Na noite do domingo, dia 15 de março, sob o impacto dos milhões que foram às ruas protestar contra o governo e o PT, coube ao ministro da Justiça, José Eduardo Cardozo, aparecer na TV, em rede nacional, para dizer que o governo iria se mexer. Sem novidade a anunciar, Cardozo reavivou uma promessa recorrente desde as manifestações de junho de 2013. Afirmou que o governo apresentaria “um conjunto de medidas de combate à corrupção e à impunidade”. Enquanto o ministro falava, panelas se chocavam vigorosamente nas janelas país afora. Apenas 11 horas depois da falação, via-se no Rio de Janeiro outro tipo de ação governamental, mais de acordo com o que o país espera.
A Polícia Federal batia à porta de Renato Duque, ex-diretor de Serviços da Petrobras. Apadrinhado pelo PT, mais precisamente pelo ex-ministro José Dirceu, Duque foi titular de uma das diretorias mais abastadas da estatal entre 2003 e 2012 – a área de Serviços, responsável por obras como a da Refinaria Abreu e Lima.
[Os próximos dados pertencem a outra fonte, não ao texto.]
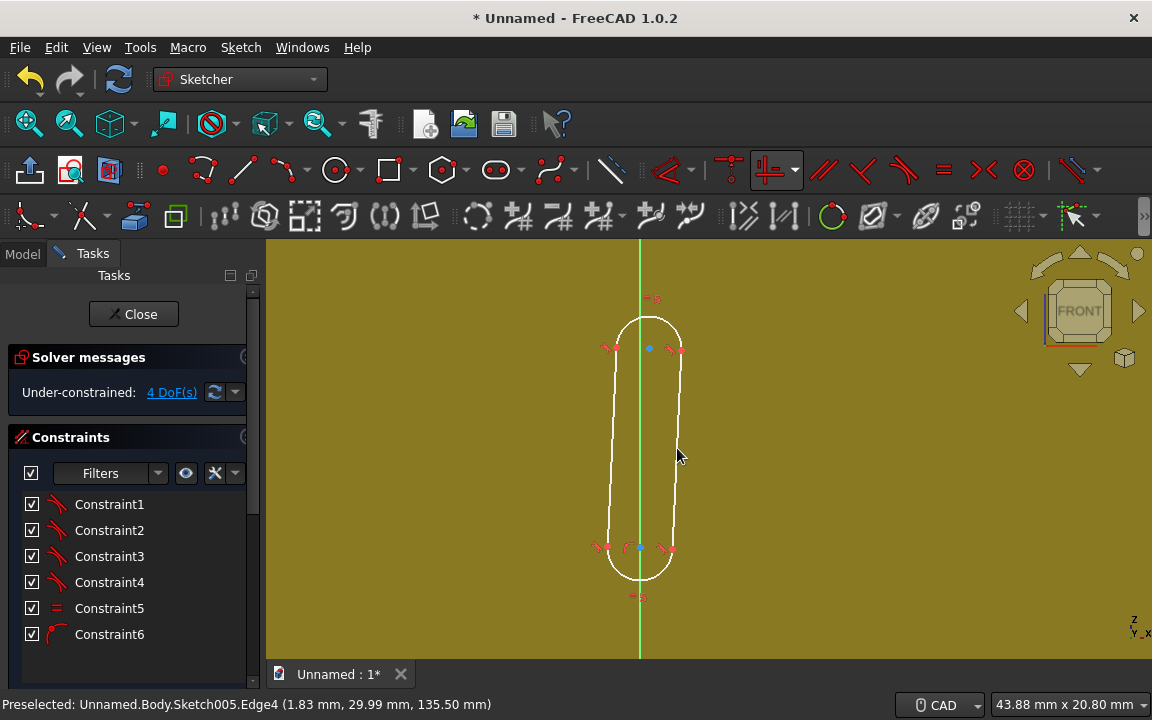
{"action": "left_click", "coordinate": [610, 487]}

Seu ex-colega na estatal, o agora delator Paulo Roberto Costa, disse em depoimento que a diretoria de Duque repassava ao PT, em propina, de 2% a 3% dos contratos que a turma dele assinava. Duque sempre negou envolvimento nos desvios. Mas o Principado de Mônaco o desmentiu. Informou às autoridades brasileiras que havia bloqueado R$ 70 milhões do ex-diretor em contas de empresas de fachada. Duque foi preso às 6 horas da manhã da segunda-feira. Para constrangimento do ministro da Justiça, uma das primeiras imagens da ressaca das manifestações anti-PT era a de um ex-diretor da Petrobras, intimamente ligado ao partido, sendo preso.
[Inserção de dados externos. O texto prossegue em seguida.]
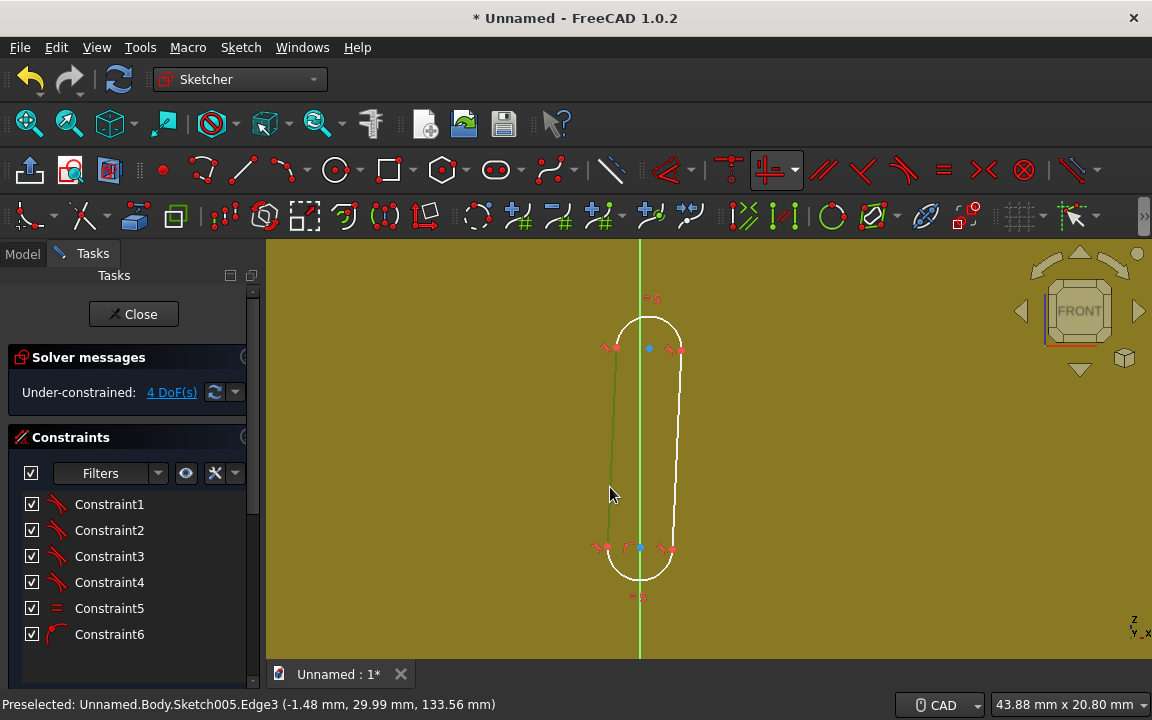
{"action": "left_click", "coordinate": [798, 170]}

No episódio, não há coincidência nem azar. As investigações da Lava Jato convergem inexoravelmente ao PT, conforme mais investigados confessam, mais extratos bancários chegam de paraísos fiscais e mais apreensões de documentos são feitas. Seguindo o caminho do dinheiro, os investigadores acabam seguindo a cadeia de comando do PT, além de PP e PMDB. Como o esquema no PP já foi esquadrinhado, restam o PT e o PMDB. As provas mais recentes e robustas, que resultaram em ações como a prisão de Duque, um personagem capital no petrolão, detalham a operação do partido de Dilma e Lula no esquema. Faltam poucas peças nesse quebra-cabeça; já se divisa claramente a imagem da operação petista no esquema.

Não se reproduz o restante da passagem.